Barcelona’s Iconic Basilica

I along with 3 million others visited Barcelona’s iconic basilica the unfinished Roman Catholic church in 2007. It is a basilica and not a cathedral as a cathedral is the seat of a bishop. Because my son had visited it previously and had sent me a postcard of it, I knew of the cathedral like building but I had no idea of the scale of the building nor the breadth of its architectural styles.

Approaching the church I saw first the oldest facade of the three facades. This facade was over 100 years old and extremely ornate and gothic in style. It is on the right in the featured image at the beginning of this blog. Gothic architecture flourished in the High and Late Middle Ages. Its characteristics are  clustered columns, intricate sculptures, ribbed vaults and flying buttresses. This facade depicts the birth of Christ.  Antoni Gaudi designed and completed this facade before his death in 1926.  He took over the project in 1883 and worked on it until his death, the result of a tramway accident.

The Nativity Facade

Because at first sight this nativity facade is very traditional in appearance, it did not prepare me for what was to come. Arguably, it is the only conservative element in the whole church. There are three portals and the central one leads believers into the Sagrada Familia.  The story of Christ’s birth in Bethlehem inspires this facade. So there are statues of Mary, Joseph, the shepherds and the wise men gathered to honour the birth of Christ. Although it was Gaudi’s wish that this facade should be vividly painted, this has not happened and the grey colour takes away a lot from the expressive sculptures.

The Interior

After I absorbed the story on this facade, I entered the church and saw immediately an exhilarating interior. Without a doubt, Barcelona’s iconic basilica did not disappoint. The first facade gave no clue as to what was revealed in the interior. Nature’s forms as well as the christian story inspired Gaudi. So within the church we see turtles, seashells, fruit, trees and other natural forms.  The columns grow like trees and branch into the ceiling and the whole effect is of light and colour.

Trees branching into the ceiling
Living columns

In addition, the stained glass windows introduced colour and despite the scaffolding and work in progress it was a scene of wonder.

nature in stained glass

As well, the floral nature of the ceiling design also depicted nature to me. 

colours and forms of nature

Construction started in the 1880’s. Gaudi died in 1926 and had only seen the completion of one of the three planned facades. Inevitably work slowed down during the 1930’s, with the Spanish Civil War raging. Work began again in the 1950’s but with all the money coming from donations, it was a slow business.

The Passion Facade

Eventually in 1990 Josep Mario Subirachs completed the second facade. This was the Passion Facade showing the crucifixion of Christ. Gaudi had designed this and wanted it to be cold and sobering.  It is angular and rigid unlike Gaudi’s flowing curves.

The Crucifixion
Angular and rigid depicting the suffering of the Passion

When I visited in 2007 I was not aware of nor did I notice the magic square on this facade.
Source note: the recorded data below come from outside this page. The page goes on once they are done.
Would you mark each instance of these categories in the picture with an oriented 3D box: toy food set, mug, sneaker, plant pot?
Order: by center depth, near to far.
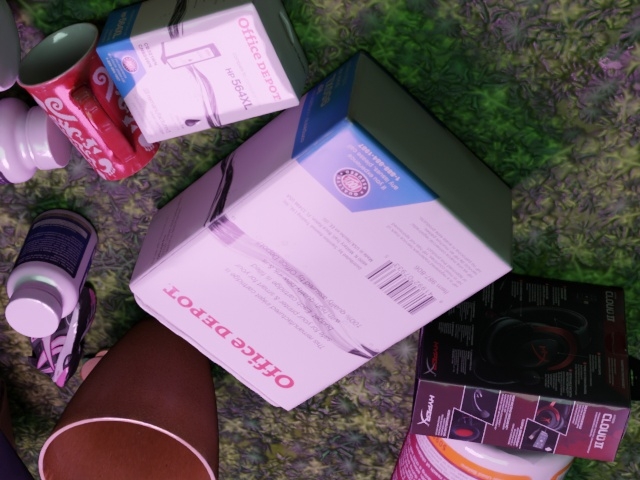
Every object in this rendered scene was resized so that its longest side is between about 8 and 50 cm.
[{"bbox_3d":[-0.276,-0.150,1.686,0.113,0.150,0.169,-17,130,19],"label":"mug"},{"bbox_3d":[-0.239,0.233,1.927,0.237,0.254,0.237,4,130,4],"label":"plant pot"},{"bbox_3d":[-0.375,0.132,1.987,0.077,0.072,0.178,25,124,2],"label":"sneaker"},{"bbox_3d":[-0.312,0.197,2.061,0.082,0.020,0.083,-26,122,27],"label":"toy food set"}]

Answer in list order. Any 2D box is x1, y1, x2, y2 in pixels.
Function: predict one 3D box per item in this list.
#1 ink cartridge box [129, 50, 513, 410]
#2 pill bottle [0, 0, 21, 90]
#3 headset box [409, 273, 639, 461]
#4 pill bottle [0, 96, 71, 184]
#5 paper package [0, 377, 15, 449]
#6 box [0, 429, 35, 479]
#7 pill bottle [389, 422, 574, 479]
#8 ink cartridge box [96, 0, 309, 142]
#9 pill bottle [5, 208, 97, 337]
[{"bbox_3d":[0.000,0.000,1.753,0.395,0.166,0.285,-35,117,30],"label":"ink cartridge box"},{"bbox_3d":[-0.522,-0.211,1.648,0.318,0.176,0.176,-10,128,16],"label":"pill bottle"},{"bbox_3d":[0.272,0.156,1.810,0.293,0.218,0.110,7,132,2],"label":"headset box"},{"bbox_3d":[-0.415,-0.122,1.751,0.193,0.108,0.108,-4,129,12],"label":"pill bottle"},{"bbox_3d":[-0.642,0.348,2.142,0.324,0.168,0.309,5,130,3],"label":"paper package"},{"bbox_3d":[-0.683,0.357,1.866,0.471,0.297,0.480,-20,116,15],"label":"box"},{"bbox_3d":[0.210,0.351,1.980,0.224,0.224,0.392,13,130,-3],"label":"pill bottle"},{"bbox_3d":[-0.135,-0.214,1.646,0.203,0.086,0.148,-13,127,19],"label":"ink cartridge box"},{"bbox_3d":[-0.356,0.045,1.841,0.094,0.169,0.094,4,130,5],"label":"pill bottle"}]

A magic square is a grid of numbers where the horizontal, vertical and diagonal totals are all the same.  Albrecht Durer depicted a famous magic square in his work Melancholia in the early sixteenth century. Each row, column and diagonal adds up to 34 and the numbers 1 – 16 are all used once.

All rows, columns and diagonals add up to 34.

Interestingly, on the passion facade is this magic square.  There are two fourteens and two tens but no 12 or 16. The rows, columns and diagonals add up to 33 the age of Christ at his crucifixion. The magic square appears next to a sculpture of the kiss of Judas emphasising Christ’s betrayal by Judas Iscariot. 

next to the kiss of Judas
The rows and columns and diagonals add up to 33 the age of Christ at the Crucifixion.


The Board overseeing the construction of The Sagrada Familia hope the completion date will be 2026, 100 years after the death of Gaudi.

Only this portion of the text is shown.